Speaker
Description
Many studies have demonstrated the emergence of “observation” as a new epistemic category in sixteenth-century Europe, as well as an increasingly “empiricist” stance taken by European physicians in their knowledge-making. This study aims to offer a more nuanced perspective on this grand shift through an analysis of the works of Flemish physician and botanist Rembert Dodoens (1517–1585). The all-too-natural modern association of “observation” and “experience” breaks down if we notice how Dodoens only worked out a framework that neatly contained both after almost thirty years of medical-botanical study, coalesced into the Stirpium historiae pemptades sex (1583). In fact, as revealed in his progressive works starting from 1548, the ideas of “observatio” and “experientia” as ways of knowing came down to him from different intellectual and disciplinary sources, one from cosmography and the other from Galenic medicine.

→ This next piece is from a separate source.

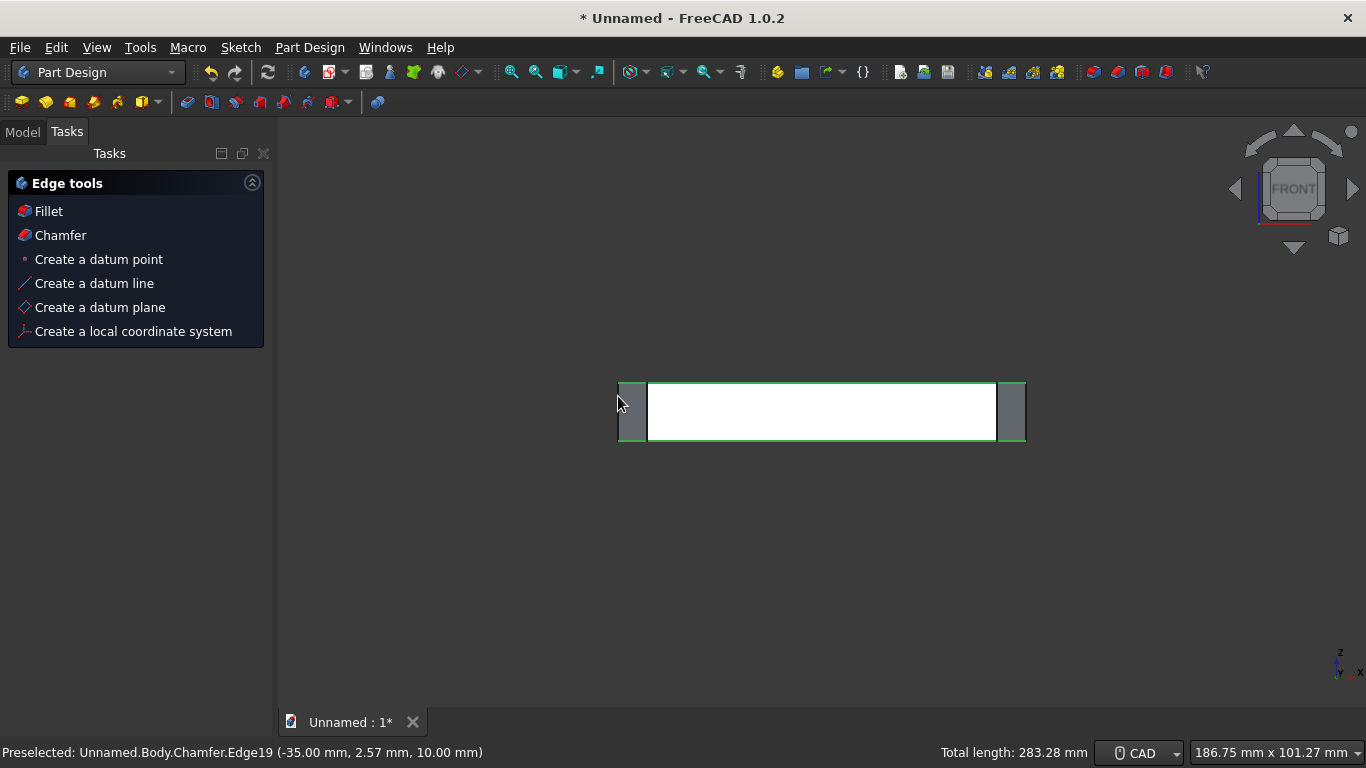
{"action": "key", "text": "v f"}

For Dodoens, ultimately, “observatio” obtains the apparent, phenomenal characteristics of natural things (heavens, plants, or patient bodies), while “experientia” provides insight into the “facultas” or “properties of essence” which are actually not manifest as opposed to “sensory qualities”. This version of “empiricism” is unique, rooted in the world of sixteenth-century medical learning, and calls for reflection on some traditional narratives about early modern empiricism(s).
Short Biography
Zongbei HUANG is a PhD candidate at the Department of the History of Science, Tsinghua University, China. She received a Bachelor’s degree in philosophy (with distinction) from the same university in 2022. Her ongoing doctoral research focuses on the establishment of new forms of “experience” – especially the observational, descriptive, and historical kind – as sources of “scientific” knowledge about the natural world during the sixteenth century, with an emphasis on scholarly practice and historical epistemology. She has published research articles and book reviews in Journal of Astronomical History and Heritage and Tsinghua Journal of History and Philosophy of Science.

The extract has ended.